Based on my own very limited experience with GenAI code, and in particular after reading Marc Brooker’s On the success of ‘natural language programming’ and Salvatore (“antirez”) Sanfilippo’s Don't fall into the anti-AI hype, I guess I’ve joined the camp that thinks this stuff is going to have a place in most developers’ toolboxes.

I think Claude could have done all that boring stuff, including acceptable unit tests, way faster than I did. And furthermore got it right the first time, which I didn’t.

So why didn’t I use Claude? Because I don’t have the tooling set up and I was impatient and didn’t want to invest the time in getting all that stuff going and improving my prompting skills. Which reminds me of all the times I’ve been trying to evangelize other developers on a better way to do things and was greeted by something along the lines of “Fine, but I’m too busy right now, I’ll just going on doing things the way I already know how to.”

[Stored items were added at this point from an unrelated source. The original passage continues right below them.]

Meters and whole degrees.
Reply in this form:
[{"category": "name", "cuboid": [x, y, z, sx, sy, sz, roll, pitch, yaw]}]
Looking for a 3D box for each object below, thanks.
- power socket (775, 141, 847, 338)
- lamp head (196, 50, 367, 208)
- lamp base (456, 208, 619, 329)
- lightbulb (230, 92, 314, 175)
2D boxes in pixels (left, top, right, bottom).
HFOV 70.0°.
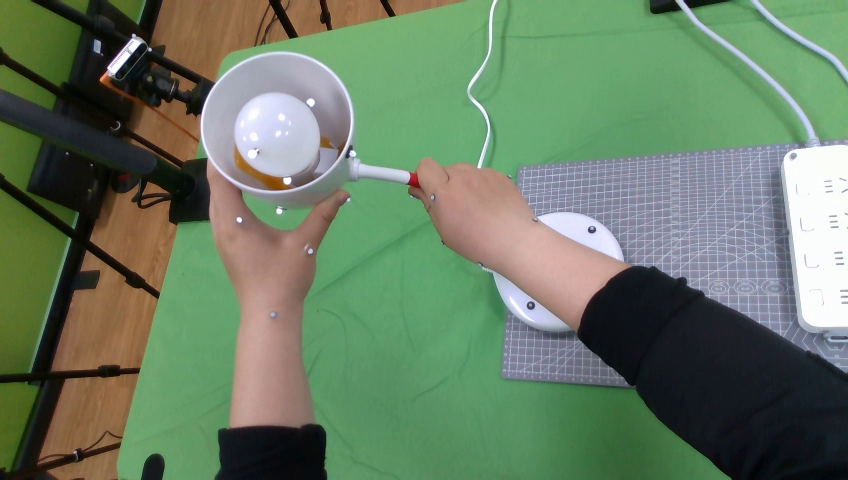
[{"category": "power socket", "cuboid": [0.433, -0.008, 0.658, 0.072, 0.033, 0.225, -3, 68, 23]}, {"category": "lamp head", "cuboid": [-0.105, -0.074, 0.490, 0.112, 0.123, 0.112, -1, 75, 5]}, {"category": "lamp base", "cuboid": [0.121, 0.009, 0.707, 0.178, 0.182, 0.159, -9, 66, 25]}, {"category": "lightbulb", "cuboid": [-0.111, -0.074, 0.466, 0.059, 0.108, 0.059, 0, 82, -1]}]
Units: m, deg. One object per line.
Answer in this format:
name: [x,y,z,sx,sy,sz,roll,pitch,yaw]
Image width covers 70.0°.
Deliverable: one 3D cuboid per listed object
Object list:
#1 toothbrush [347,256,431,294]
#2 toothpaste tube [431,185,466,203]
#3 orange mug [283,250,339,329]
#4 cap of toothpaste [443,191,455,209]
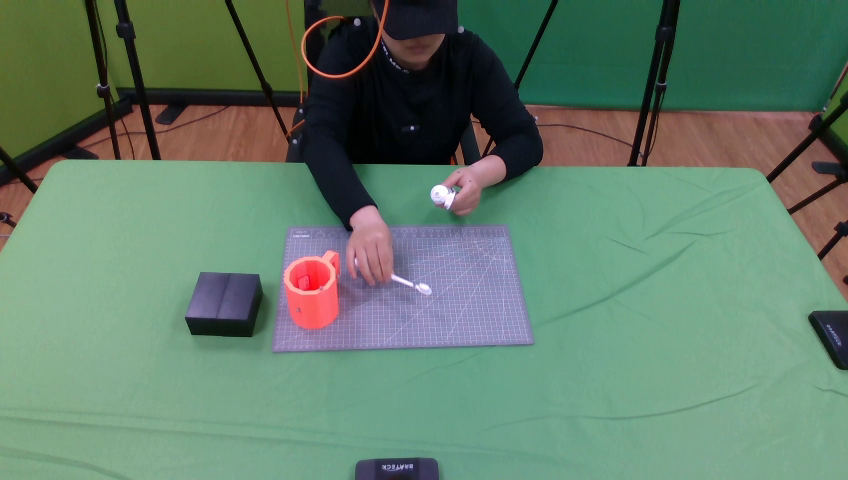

Does this mean I’m joining the “GenAI is the future and our investments will pay off!” mob? Not in the slightest. I still think it’s overpriced, overhyped, and mostly ill-suited to the business applications that “thought leaders” claim for it. That word “mostly” excludes the domain of code; as I said here, “It’s pretty obvious that LLMs are better at predicting code sequences than human language.”

And, as it turns out, the domain of Developer Tools has never been a Big Business by the standards of GenAI’s promoters. Nor will it ever be; there just aren’t enough of us. Also, I suspect it’ll be reasonably easy in the near future for open-source models and agents to duplicate the capabilities of Claude and its ilk.

Speaking personally, I can’t wait for the bubble to pop.

Quamina.next? · After I ship the numeric-quantifier feature, e.g. a{2-5}, Quamina’s regexp support will be complete and if no horrid bugs pop up I’ll pretty quickly release Quamina 2.0. Regexps in pattern-matching software are a qualitative difference-maker. After that I dunno, there are lots more interesting features to add.

Unfortunately, a couple years into my Quamina work, I got distracted by life and by other projects, and ignored it. One result is that so did the other people who’d made major contributions and provided PR reviews. I miss them and it’s less fun now. We’ll see.